The “government’s papers filed with the court” referred specifically to filings submitted by SDNY related to the stay request in the Grant case, including two sealed documents. The search warrants and subpoenas discussed earlier in this article aren’t necessarily filed with any court, and it’s possible that whatever SDNY attorneys filed into the Grant case, along with their stay request, did not describe the full scope of the investigation.
We did not publish the 2024 characterization from the source because we had concerns that the comment would mislead readers about whether sex trafficking was being investigated at all. We communicated those concerns at the time and asked the source directly to reconcile or dispute the Wall Street Journal’s February 2024 report that allegations of sex trafficking and sexual assault against McMahon were being investigated by federal authorities. Those questions weren’t answered. We followed up with that source again this week, but we were not provided with an explanation.
Later, in February 2025, after a Second Circuit Court of Appeals reviewed a ruling in a sealed matter from SDNY that a person familiar with the case confirmed involved McMahon, one of his attorneys, Robert W. Allen of Kirkland & Ellis, provided a statement asserting the investigation “has definitively concluded and will not result in charges.” Allen’s statement addressed the DOJ inquiry’s outcome but not its subject matter.
Janel Grant’s messages from the FBI
Separately from Khan’s testimony, Grant recently posted to Instagram an image of what appears to be a letter addressed to her from the FBI’s Victim Notification System, dated May 23, 2023, identifying her as a “possible victim of a crime” in an active federal investigation being conducted by the FBI’s New York office. The text accompanying Grant’s post states she received multiple similar letters between May 2023 and December 2025. POST Wrestling sent an email to the FBI New York requesting that the press office verify the authenticity of the letter that appears in Grant’s post. The office did not respond.

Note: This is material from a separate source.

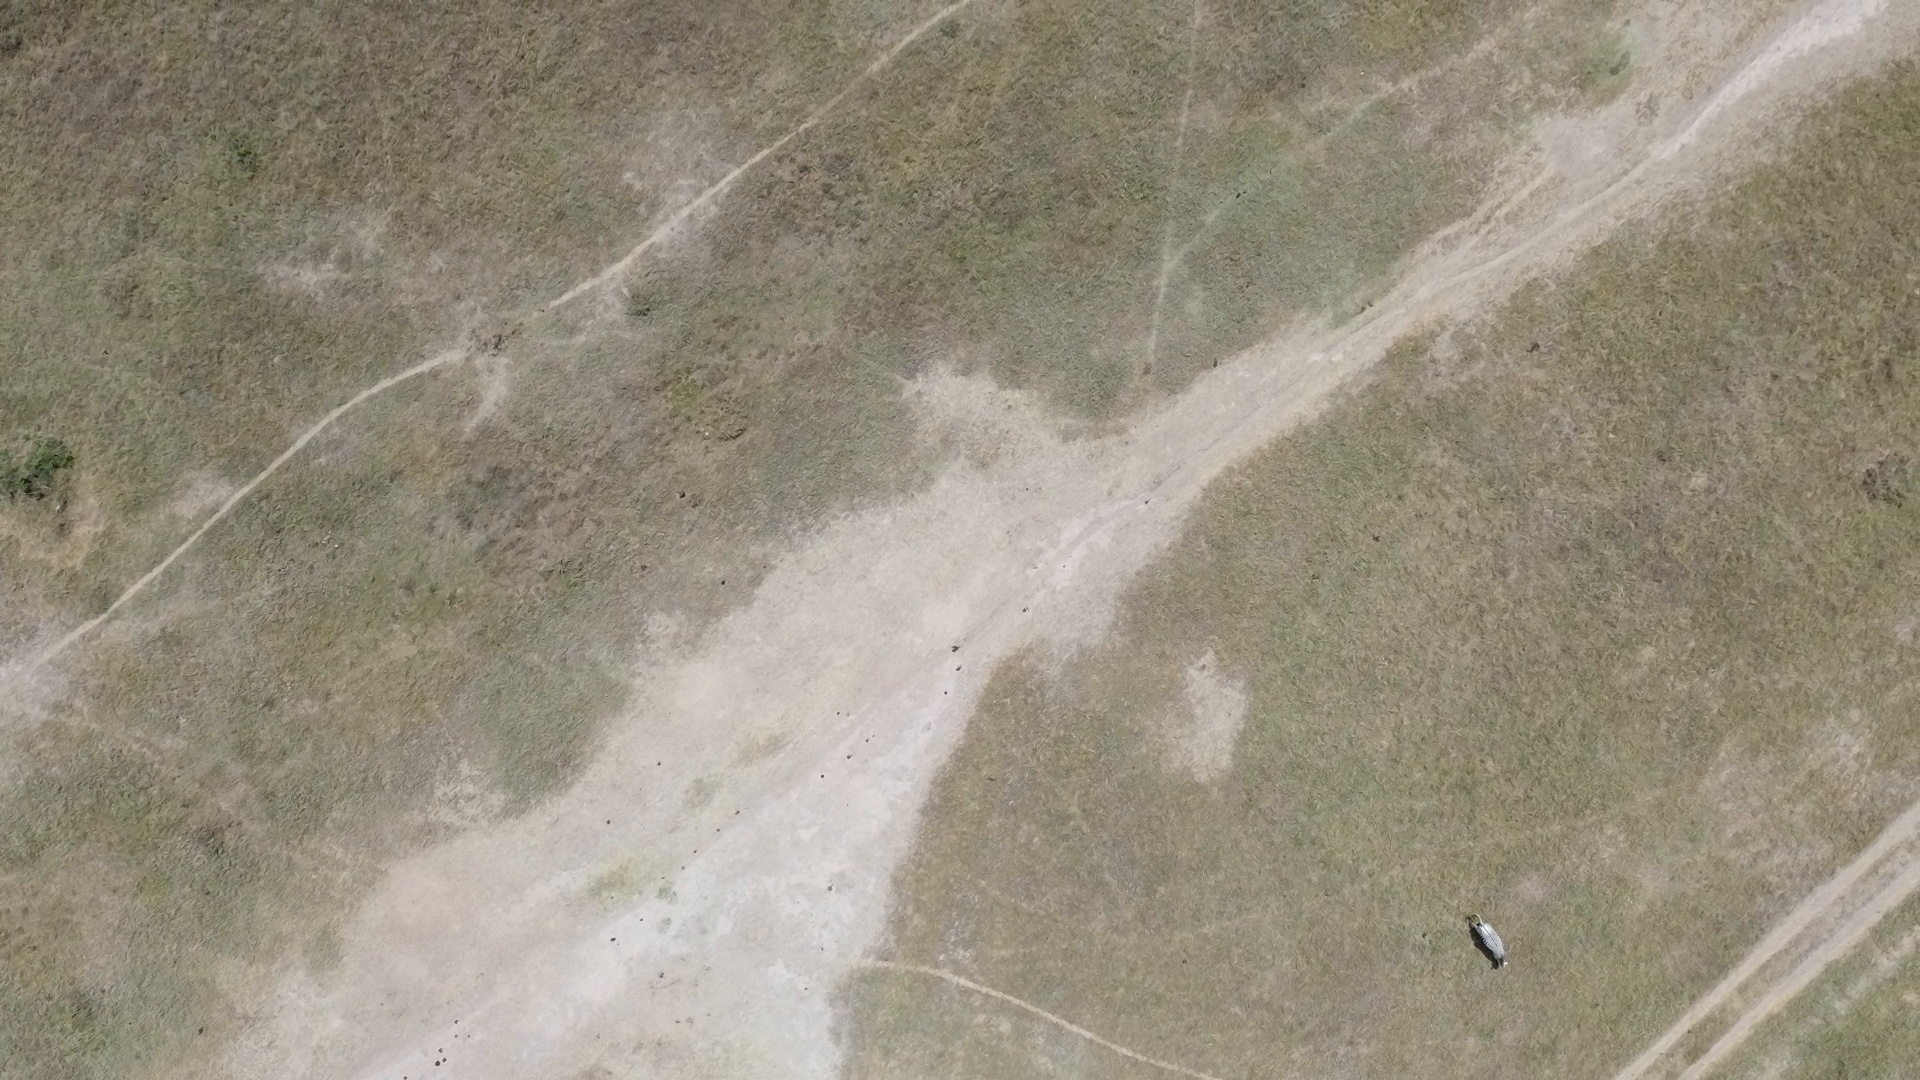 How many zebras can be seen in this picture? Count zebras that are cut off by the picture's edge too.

1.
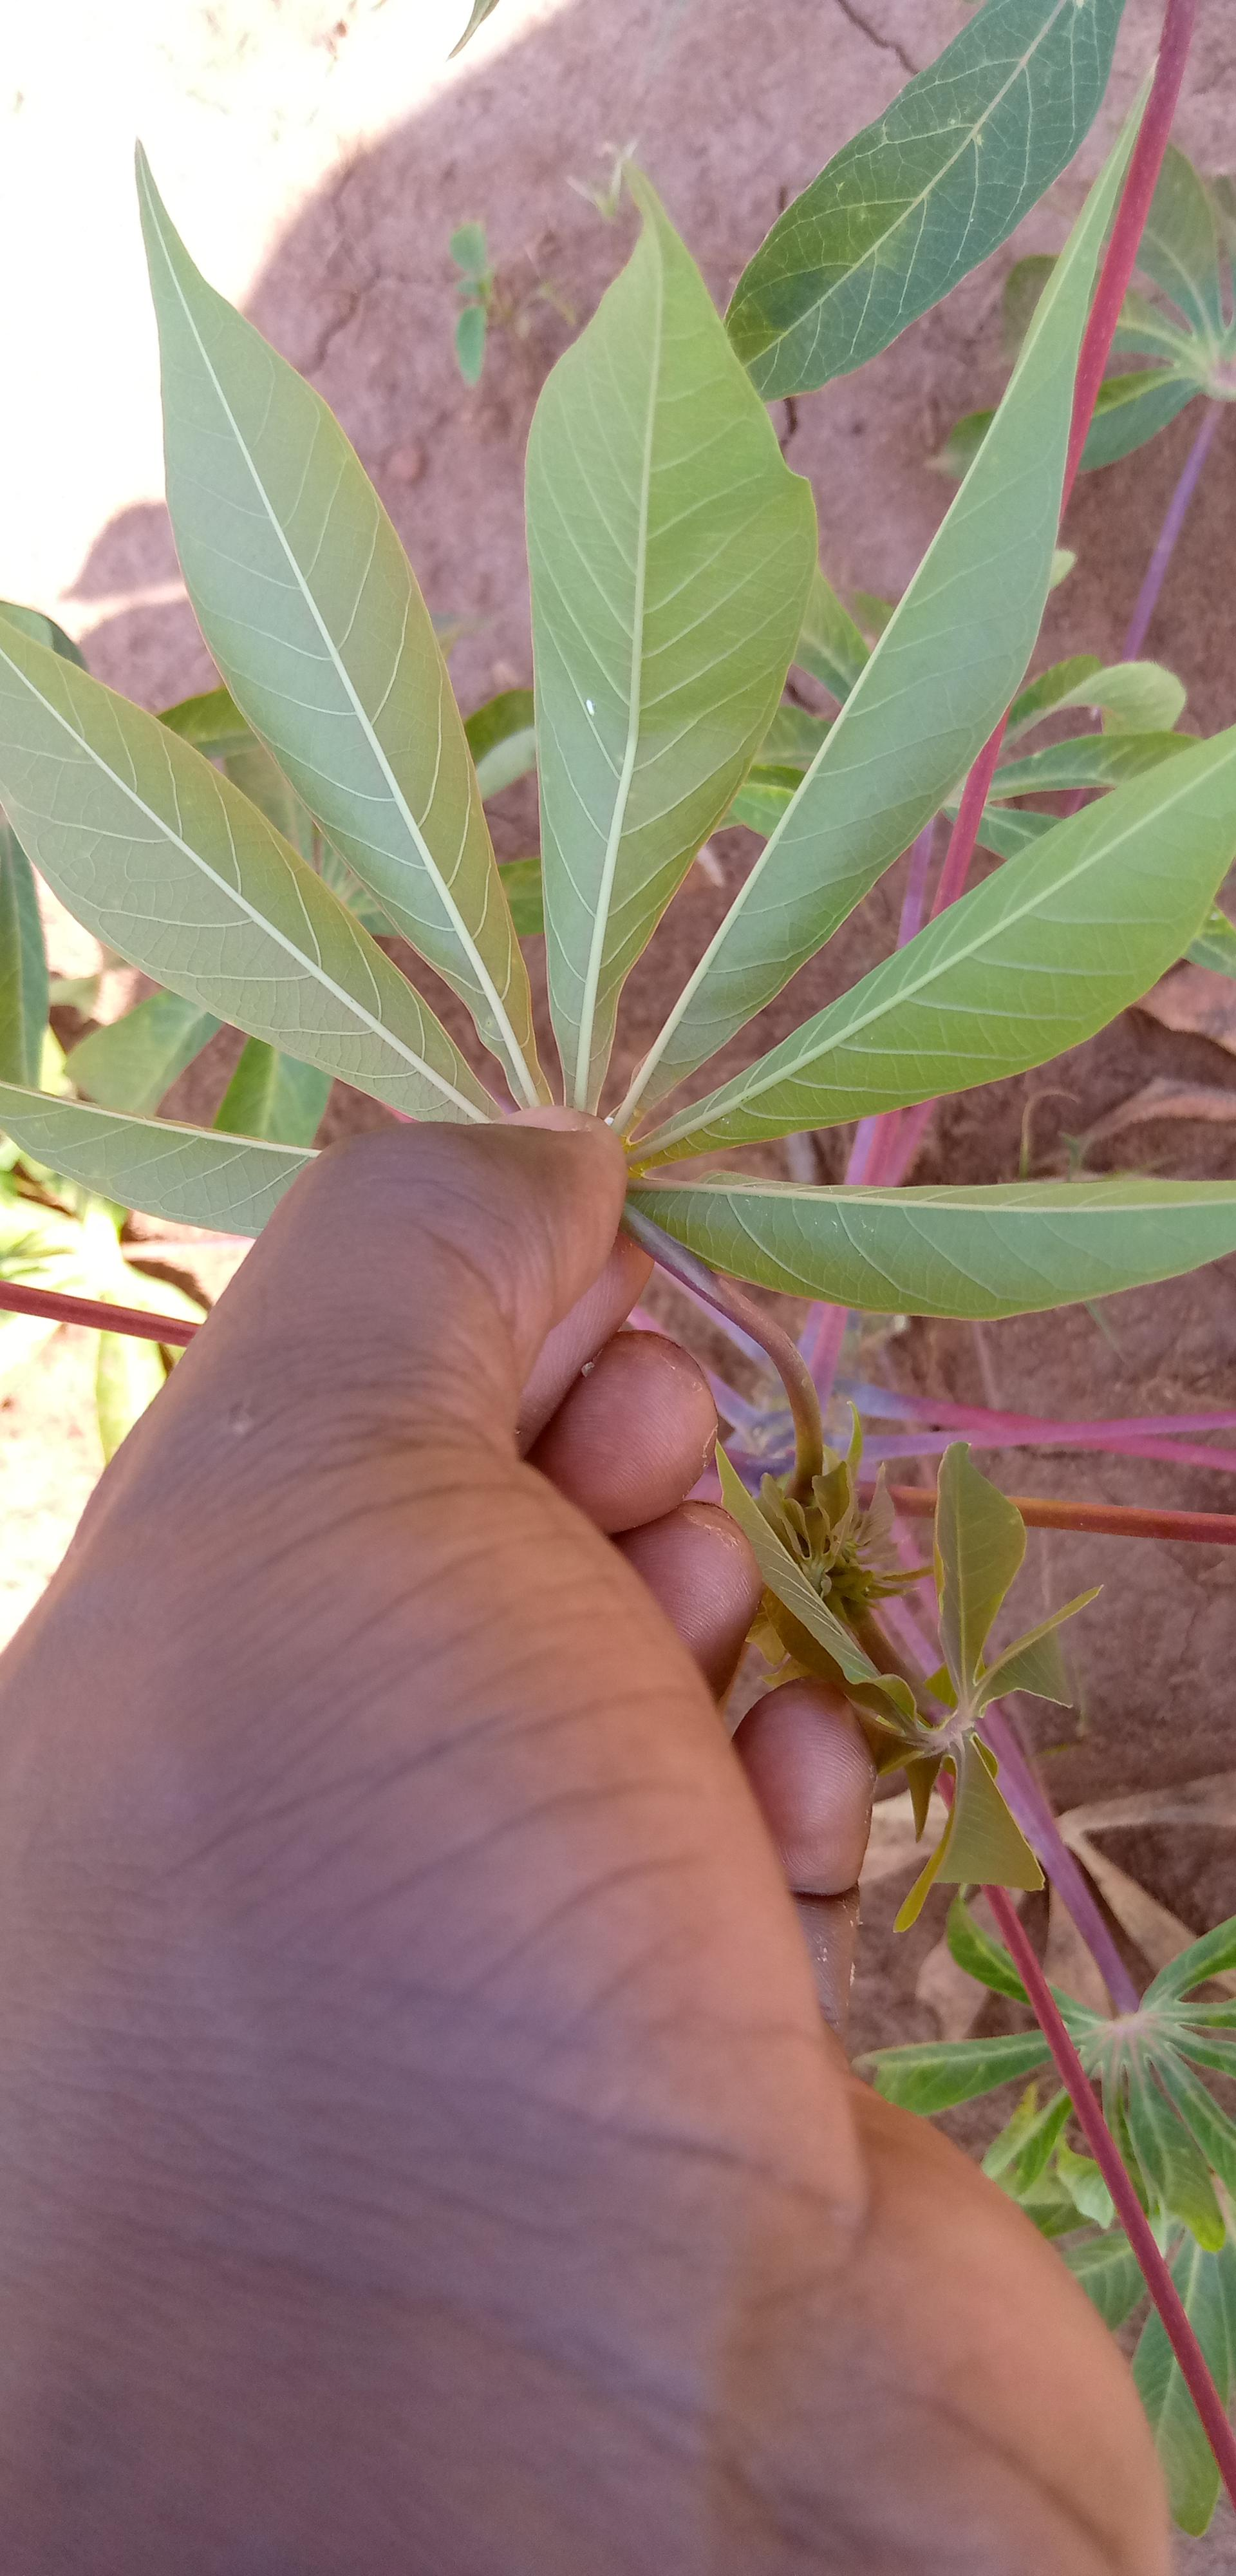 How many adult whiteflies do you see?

1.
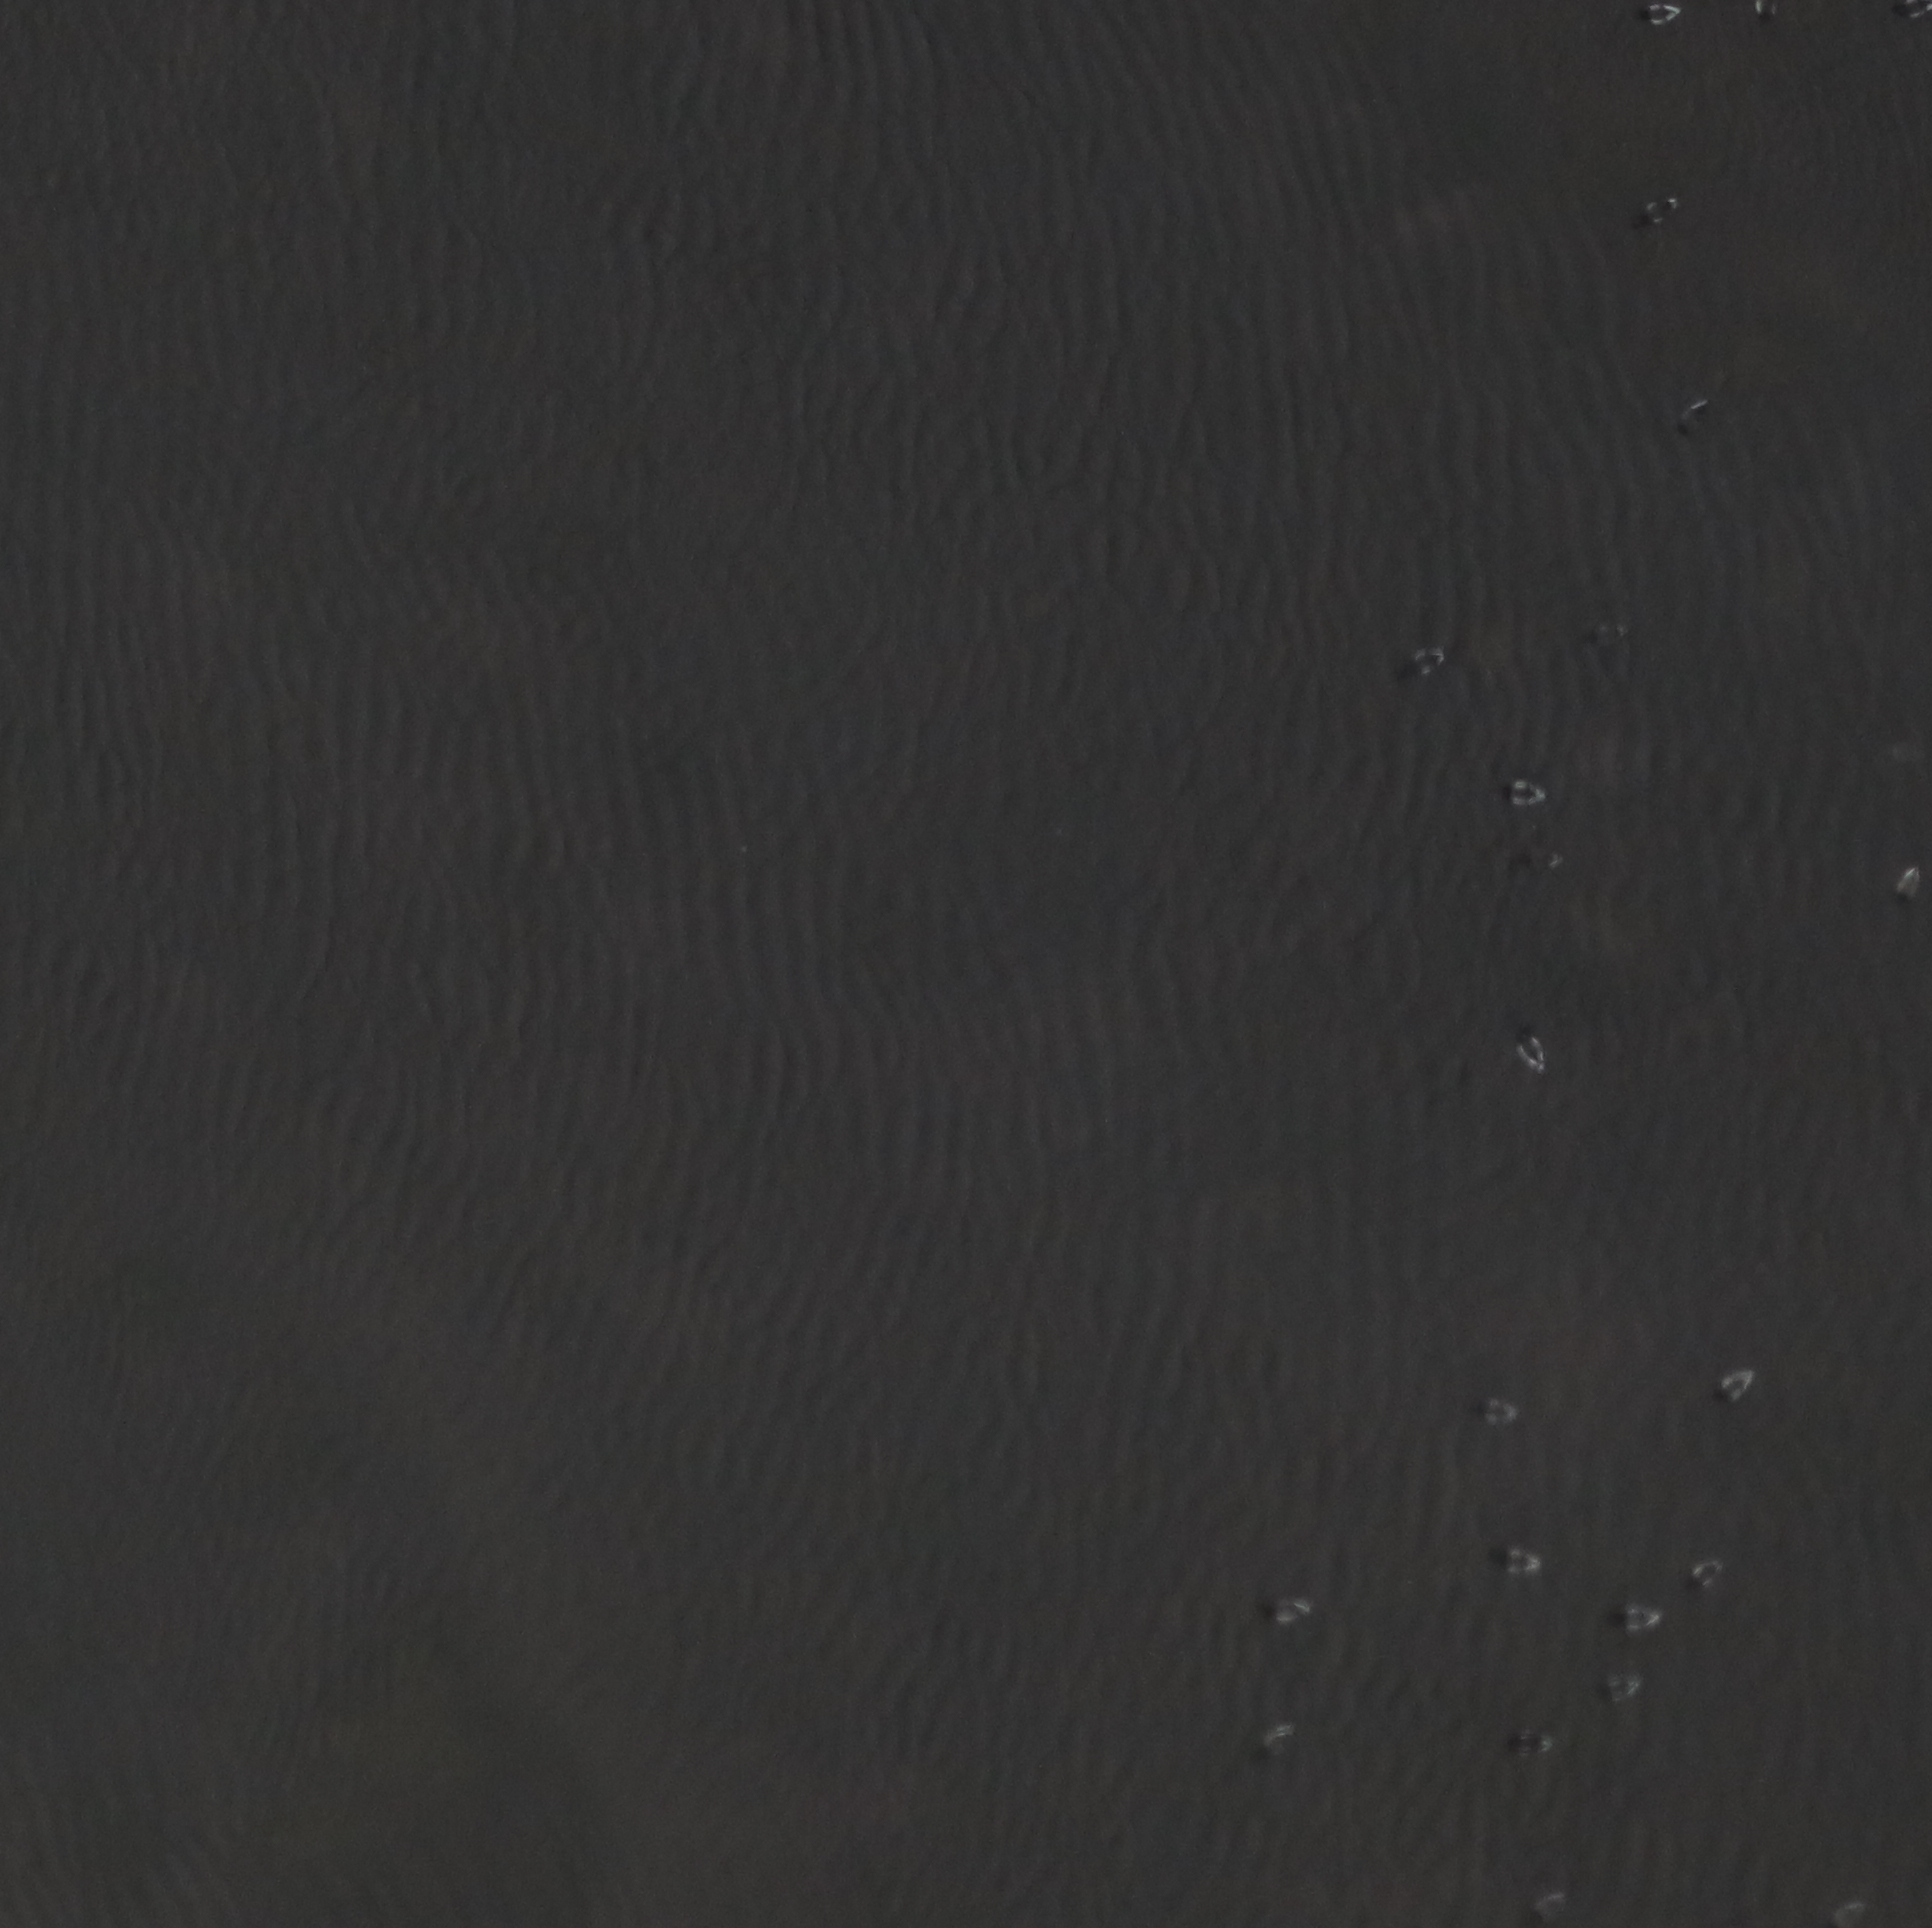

We did confirm that Grant’s Instagram account, which was created in recent weeks and is her first known presence on social media, is legitimately controlled by her, according to a person familiar with that matter.
On Thursday, Grant posted a screenshot of what appears to be part of another message addressed to her from FBI New York addressed to her: an email dated May 30, 2025.
The FBI’s Victim Notification System was created by the government to fulfill a legal mandate to notify possible victims of crimes of developments in related investigations. Grant’s public allegations against McMahon relate primarily to sexual misconduct. If the letter is authentic, it’s consistent with the FBI notifying Grant of her status as a possible victim of a sexual misconduct inquiry. It does not establish that any charges were filed, and McMahon was not indicted for any crime related to the investigation involving him, which spanned from approximately 2022 to 2025.